According to Prum's (1999) proposed model, at stage I, the follicle originates with a cylindrical epidermal depression around the base of the feather papilla. The first feather resulted when undifferentiated tubular follicle collar developed out of the old keratinocytes being pushed out. At stage II, the inner, basilar layer of the follicle collar differentiated into longitudinal barb ridges with unbranched keratin filaments, while the thin peripheral layer of the collar became the deciduous sheath, forming a tuft of unbranched barbs with a basal calamus. Stage III consists of two developmental novelties, IIIa and IIIb, as either could have occurred first. Stage IIIa involves helical displacement of barb ridges arising within the collar. The barb ridges on the anterior midline of the follicle fuse together, forming the rachis. The creation of a posterior barb locus follows, giving an indeterminate number of barbs. This resulted in a feather with a symmetrical, primarily branched structure with a rachis and unbranched barbs. In stage IIIb, barbules paired within the peripheral barbule plates of the barb ridges, create branched barbs with rami and barbules. This resulting feather is one with a tuft of branched barbs without a rachis. At stage IV, differentiated distal and proximal barbules produce a closed, pennaceous vane. A closed vane develops when pennulae on the distal barbules form a hooked shape to attach to the simpler proximal barbules of the adjacent barb. Stage V developmental novelties gave rise to additional structural diversity in the closed pennaceous feather. Here, asymmetrical flight feathers, bipinnate plumulaceous feathers, filoplumes, powder down, and bristles evolved.[64]

Some evidence suggests that the original function of simple feathers was insulation. In particular, preserved patches of skin in large, derived, tyrannosauroids show scutes, while those in smaller, more primitive, forms show feathers. This may indicate that the larger forms had complex skins, with both scutes and filaments, or that tyrannosauroids may be like rhinos and elephants, having filaments at birth and then losing them as they developed to maturity.[33] An adult Tyrannosaurus rex weighed about as much as an African elephant. If large tyrannosauroids were endotherms, they would have needed to radiate heat efficiently, and feathers would have interfered with this.[65]

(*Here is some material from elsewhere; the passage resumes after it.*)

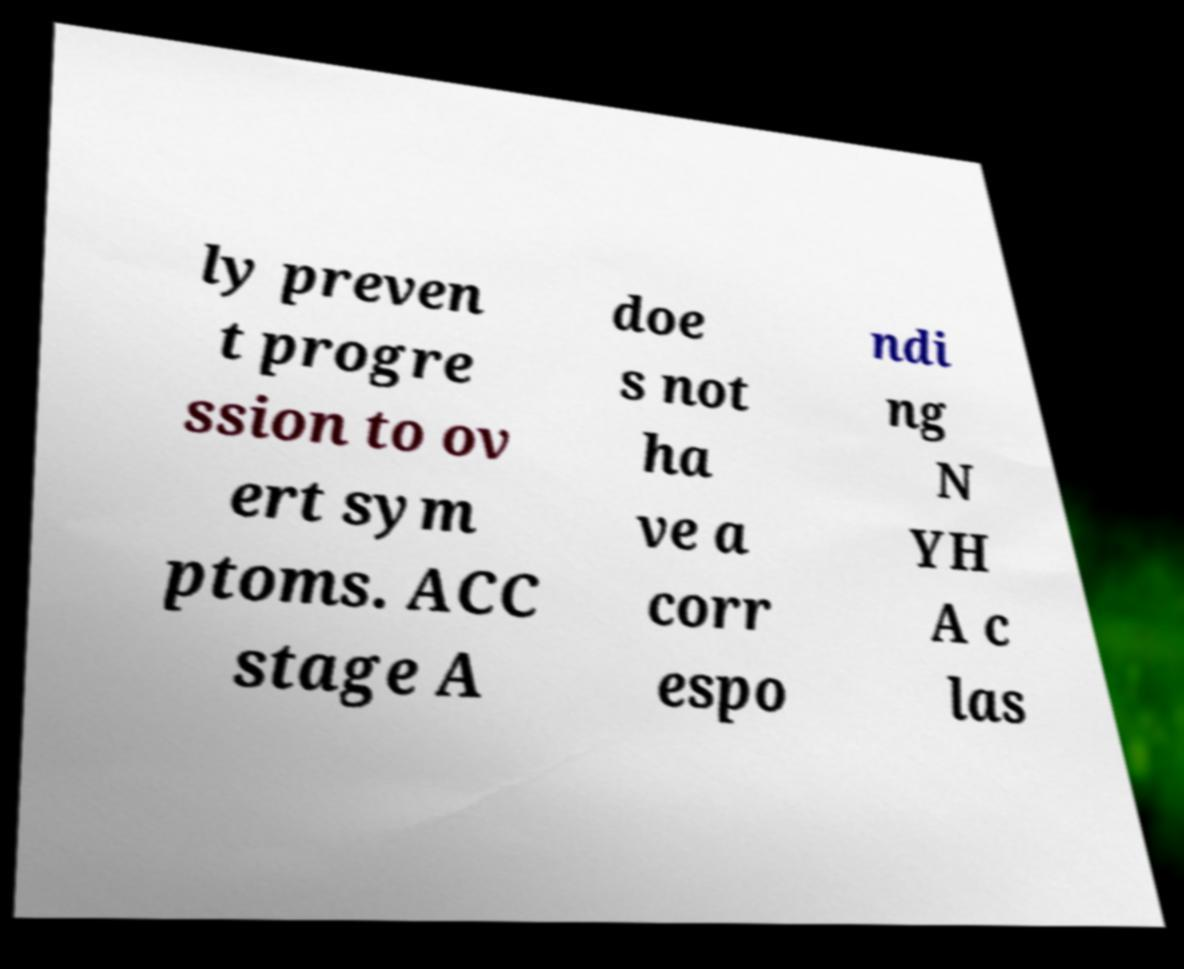There's text embedded in this image that I need extracted. Can you transcribe it verbatim? ly preven t progre ssion to ov ert sym ptoms. ACC stage A doe s not ha ve a corr espo ndi ng N YH A c las 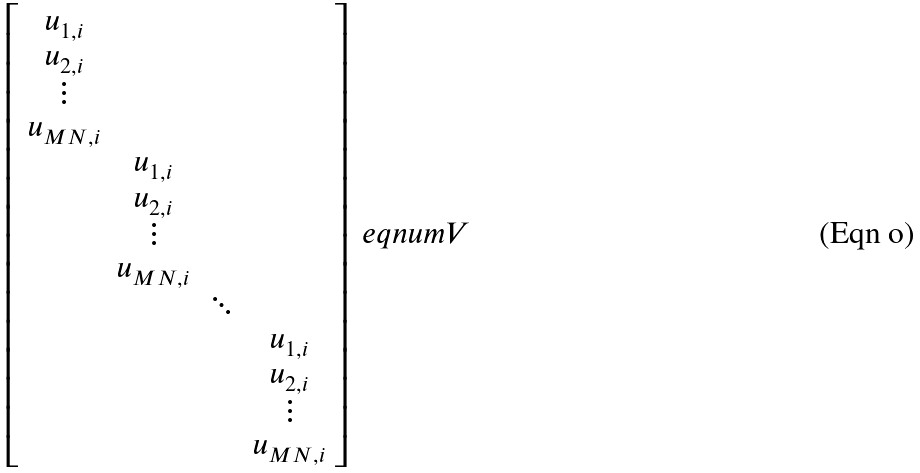Convert formula to latex. <formula><loc_0><loc_0><loc_500><loc_500>\left [ \begin{array} { c c c c } u _ { 1 , i } & & & \\ u _ { 2 , i } & & & \\ \vdots & & & \\ u _ { M N , i } & & & \\ & u _ { 1 , i } & & \\ & u _ { 2 , i } & & \\ & \vdots & & \\ & u _ { M N , i } & & \\ & & \ddots & \\ & & & u _ { 1 , i } \\ & & & u _ { 2 , i } \\ & & & \vdots \\ & & & u _ { M N , i } \end{array} \right ] \ e q n u m { V }</formula>

There is an increasing body of evidence that supports the display hypothesis, which states that early feathers were colored and increased reproductive success.[66][67] Coloration could have provided the original adaptation of feathers, implying that all later functions of feathers, such as thermoregulation and flight, were co-opted.[66] This hypothesis has been supported by the discovery of pigmented feathers in multiple species.[68][69][70] Supporting the display hypothesis is the fact that fossil feathers have been observed in a ground-dwelling herbivorous dinosaur clade, making it unlikely that feathers functioned as predatory tools or as a means of flight.[71] Additionally, some specimens have iridescent feathers.[72] Pigmented and iridescent feathers may have provided greater attractiveness to mates, providing enhanced reproductive success when compared to non-colored feathers. Current research shows that it is plausible that theropods would have had the visual acuity necessary to see the displays. In a study by Stevens (2006), the binocular field of view for Velociraptor has been estimated to be 55 to 60 degrees, which is about that of modern owls. Visual acuity for Tyrannosaurus has been predicted to be anywhere from about that of humans to 13 times that of humans.[73] However, as both Velociraptor and Tyrannosaurus have a rather extended evolutionary relationship with the more basal theropods, it is unclear how much of this visual acuity data can be extrapolated.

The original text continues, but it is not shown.